In a move that underscores how the Human Resources Line of Business is maturing, the General Services Administration will establish a place on its HR schedule for commercial shared-services providers.

GSA plans to release a statement of objectives next month, and name private-sector providers by the summer.

Under an agreement with the Office of Personnel Management, GSA plans to expand the existing 738x schedule, said Norm Enger, OPM’s director of the Human Resources Line of Business Program Management Office.

The schedule already comprises contractors for human resources services and investigative and reporting services for Equal Employment Opportunity compliance. “Plans are to complete the selection of private-sector HR LOB shared-services centers by summer 2007,” he said.

The Federal Acquisition Service will administer the procurement.

Under the HR LOB schedule, vendors will perform services to certain governmental minimum standards, said Robert Lam, an executive director at Accenture LLP of Reston, Va.

GSA will release a statement of objectives in early February as a heads-up to industry and an RFP in mid to late March, said John Sindelar, GSA’s soon-to-be-retired associate administrator of the Office of Governmentwide Policy.

OMB has named five agencies to provide shared services: the Treasury, Defense and Health and Human Services departments, the Interior Department’s National Business Center and the Agriculture Department’s National Finance Center.
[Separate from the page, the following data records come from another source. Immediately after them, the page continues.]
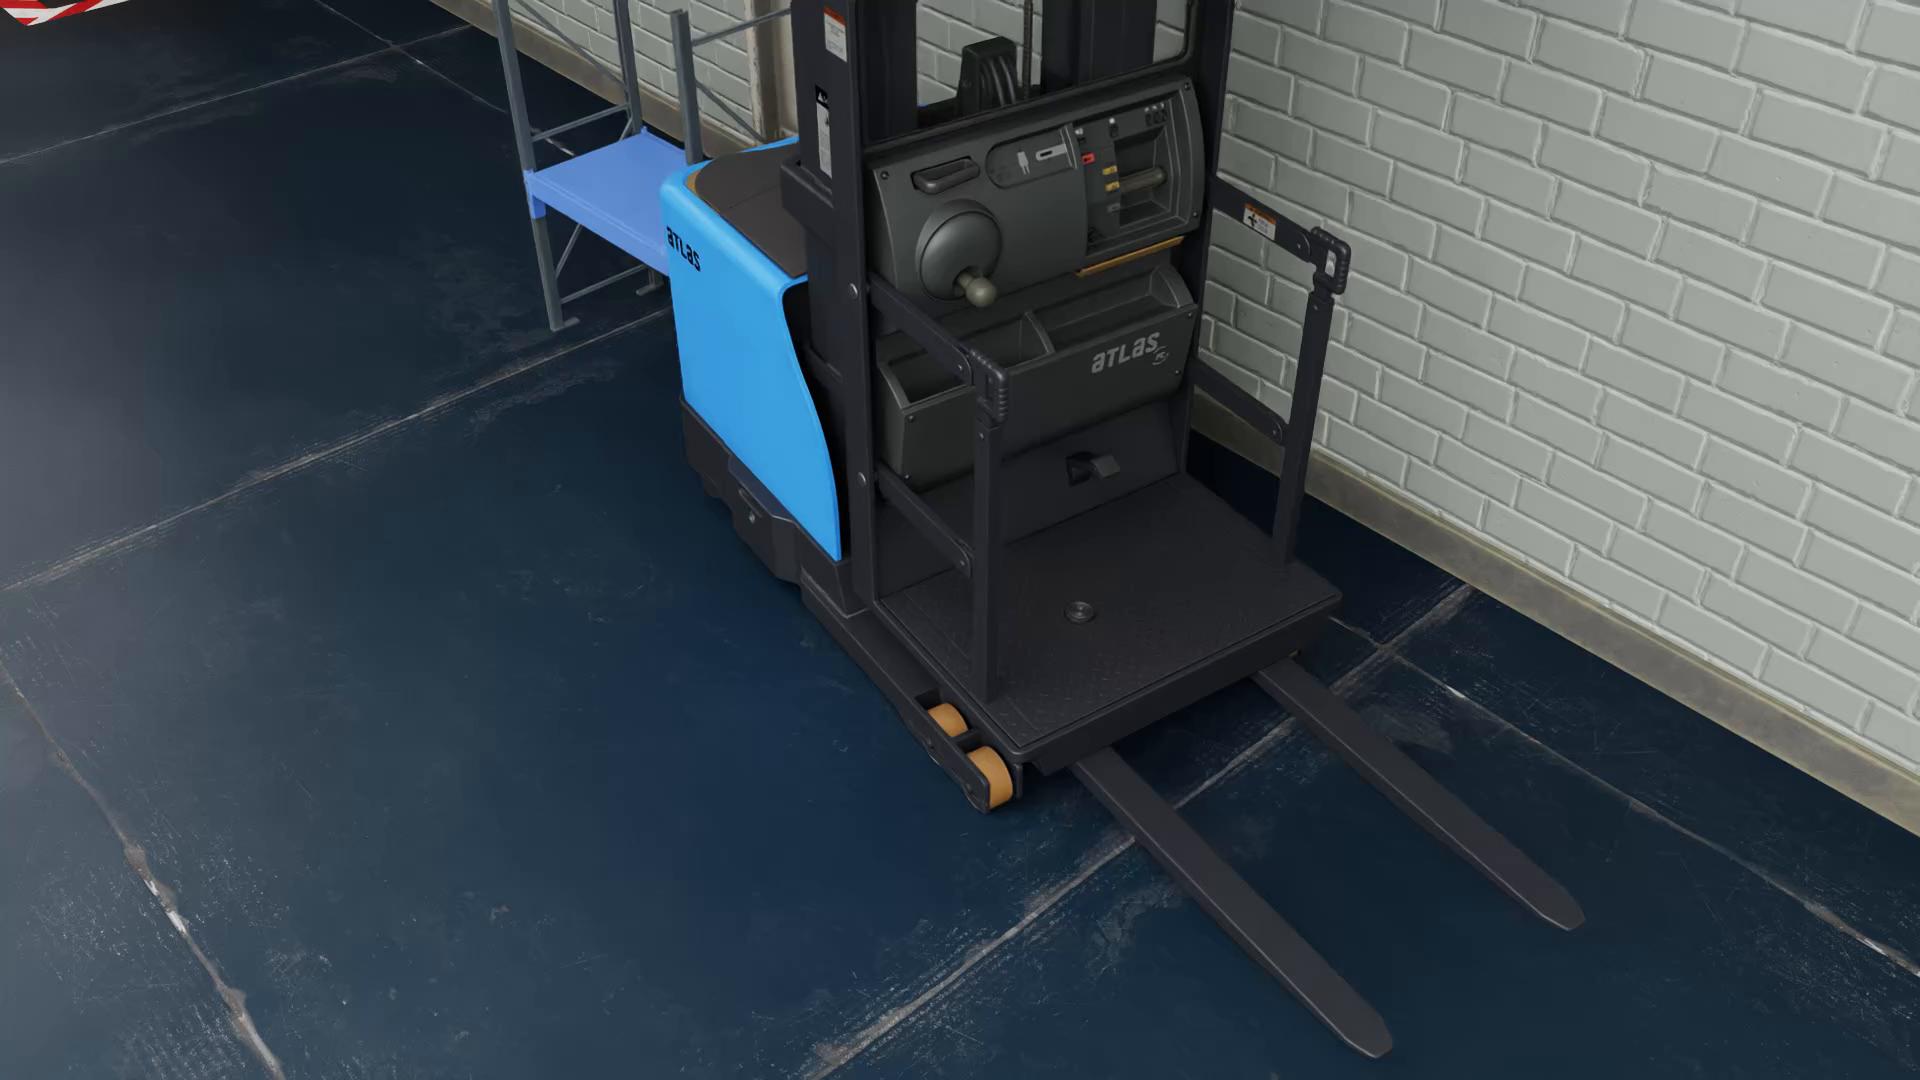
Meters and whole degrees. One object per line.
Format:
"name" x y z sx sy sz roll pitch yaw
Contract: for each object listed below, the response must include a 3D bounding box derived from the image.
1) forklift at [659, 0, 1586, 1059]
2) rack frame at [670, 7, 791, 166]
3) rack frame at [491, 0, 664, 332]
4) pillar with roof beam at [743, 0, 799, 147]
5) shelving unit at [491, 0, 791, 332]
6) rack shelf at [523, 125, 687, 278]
"forklift" 0.329 -0.774 3.876 1.130 2.935 3.031 -22 44 -25
"rack frame" -0.635 -1.017 5.315 0.500 1.500 0.032 -31 48 -33
"rack frame" -1.344 -1.474 5.882 0.500 1.500 0.032 -31 48 -33
"pillar with roof beam" -3.731 -2.876 1.649 9.100 9.000 0.400 -30 48 -32
"shelving unit" -0.989 -1.245 5.598 0.538 1.500 1.048 -31 48 -33
"rack shelf" -0.989 -1.105 5.711 0.538 0.185 1.000 -31 48 -33
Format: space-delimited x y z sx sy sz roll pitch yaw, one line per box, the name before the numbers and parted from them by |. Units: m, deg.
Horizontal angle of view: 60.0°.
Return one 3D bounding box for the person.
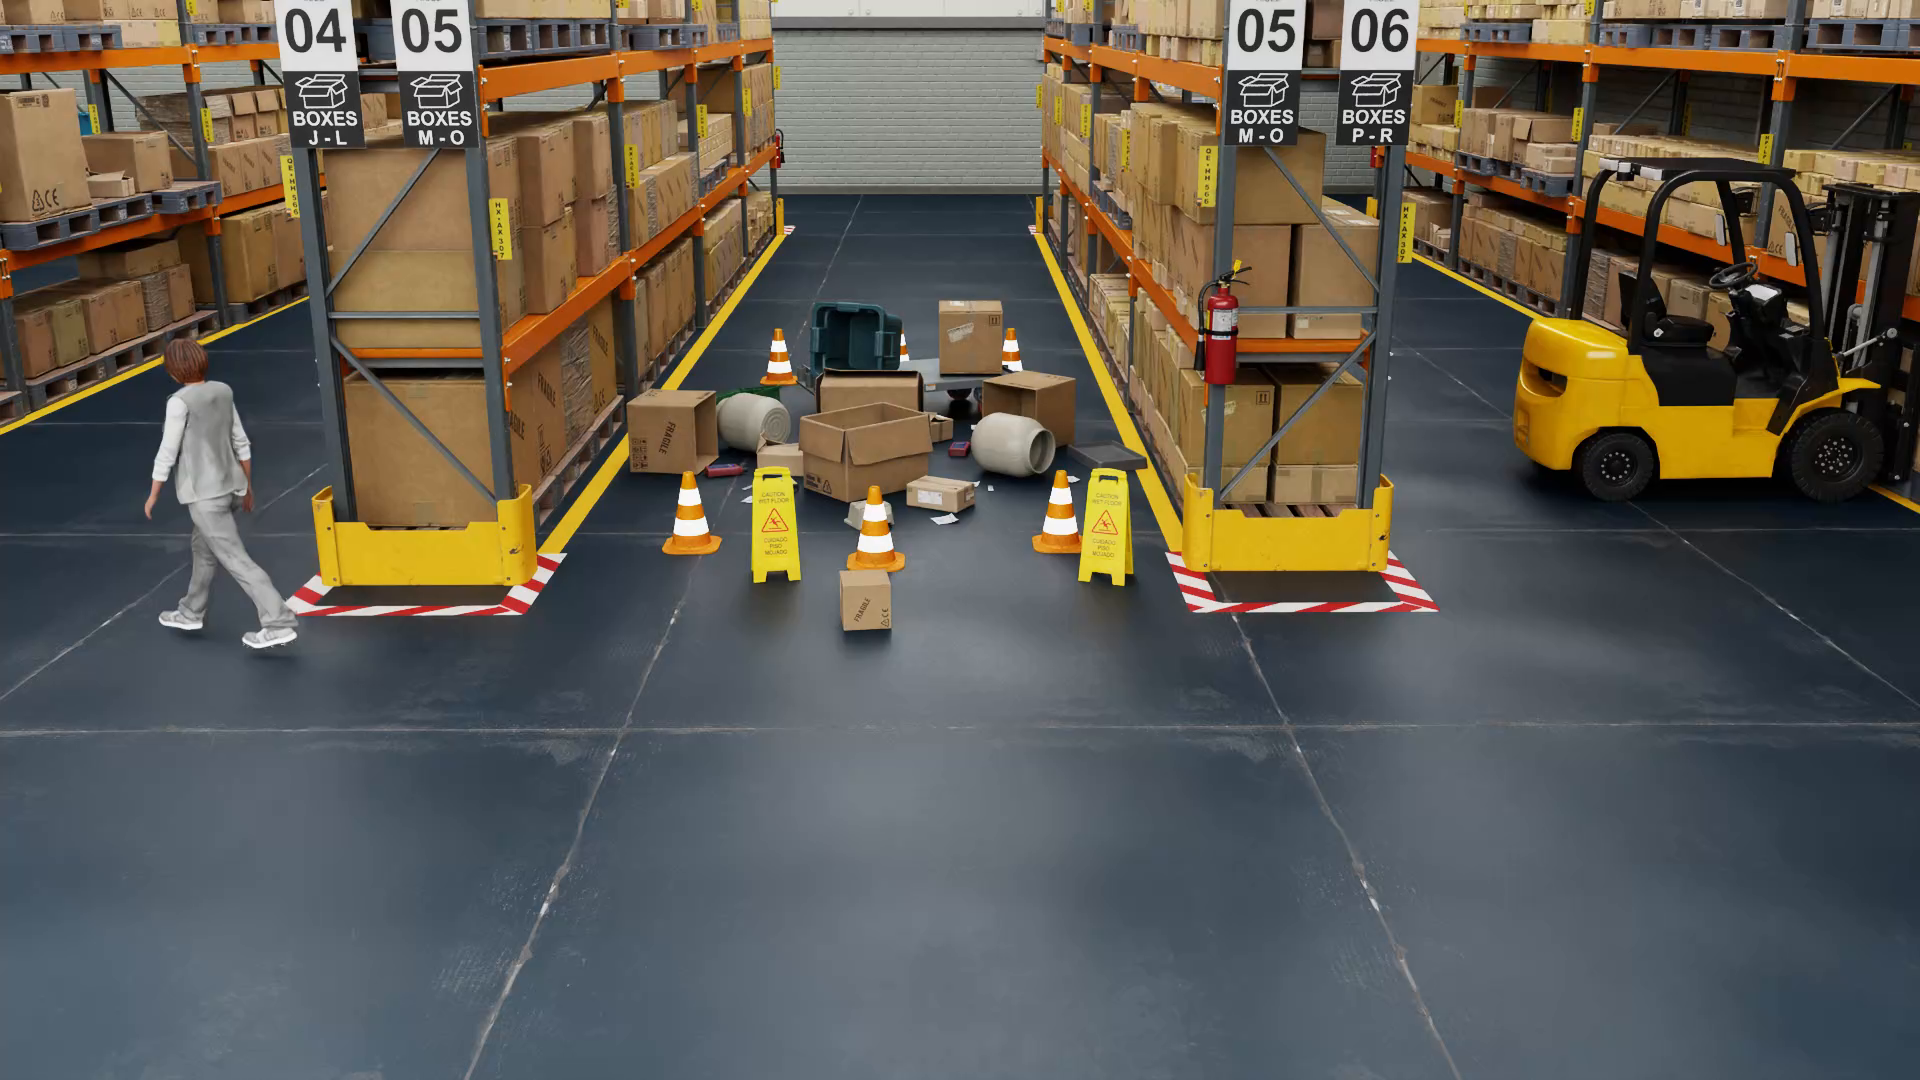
person | -3.766 -0.240 8.289 0.914 1.539 0.437 4 18 13
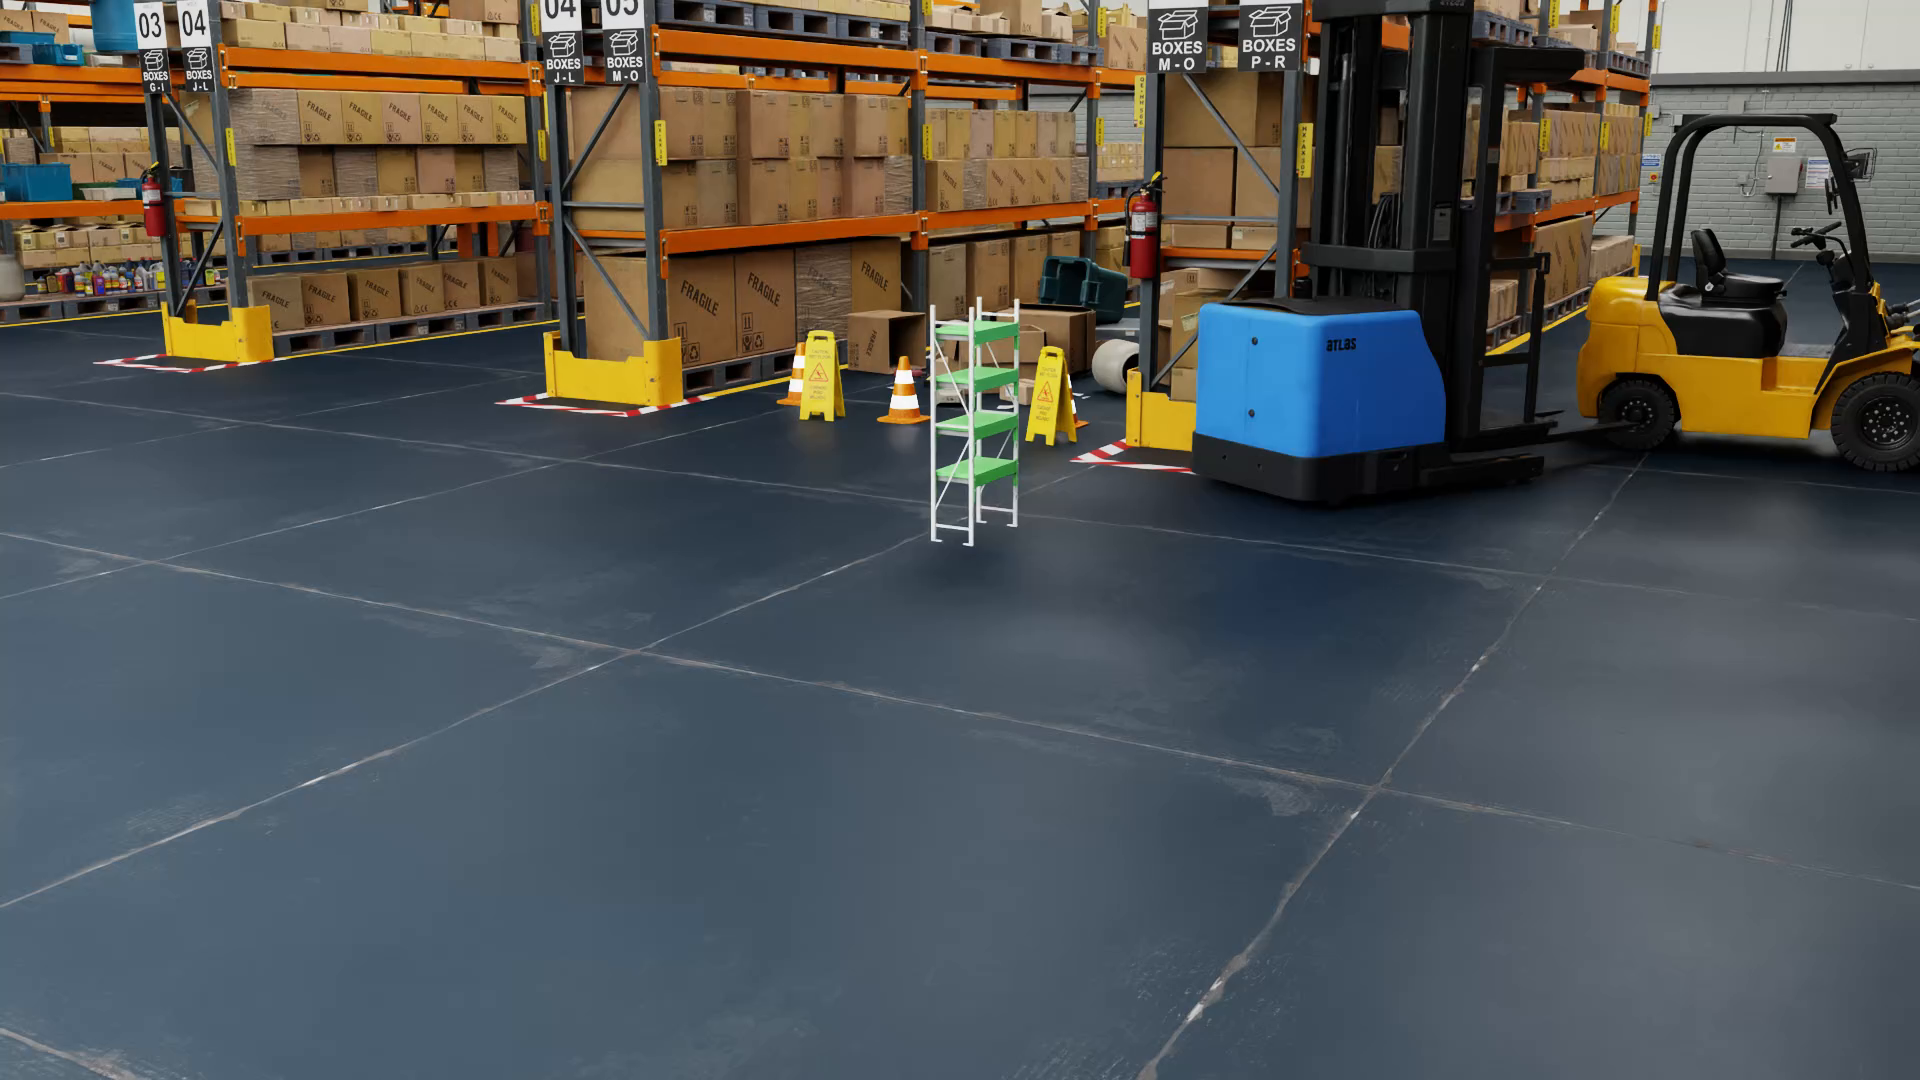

“We’re seeing a lot of activity in this area [HR LOB],” Lam said.

For example, the Labor Department recently released an RFP for a public or private shared-services provider to replace its current HR and payroll systems with integrated applications.

Unlike the HR LOB, federal officials still are trying to figure out the best way of proceeding with the Financial Management Line of Business.

“It could very well be similar to HR LOB. I’m not sure that the FM LOB acquisitions plan has been documented or brought to fruition. It’s not quite as far along as the HR LOB,” Lam said.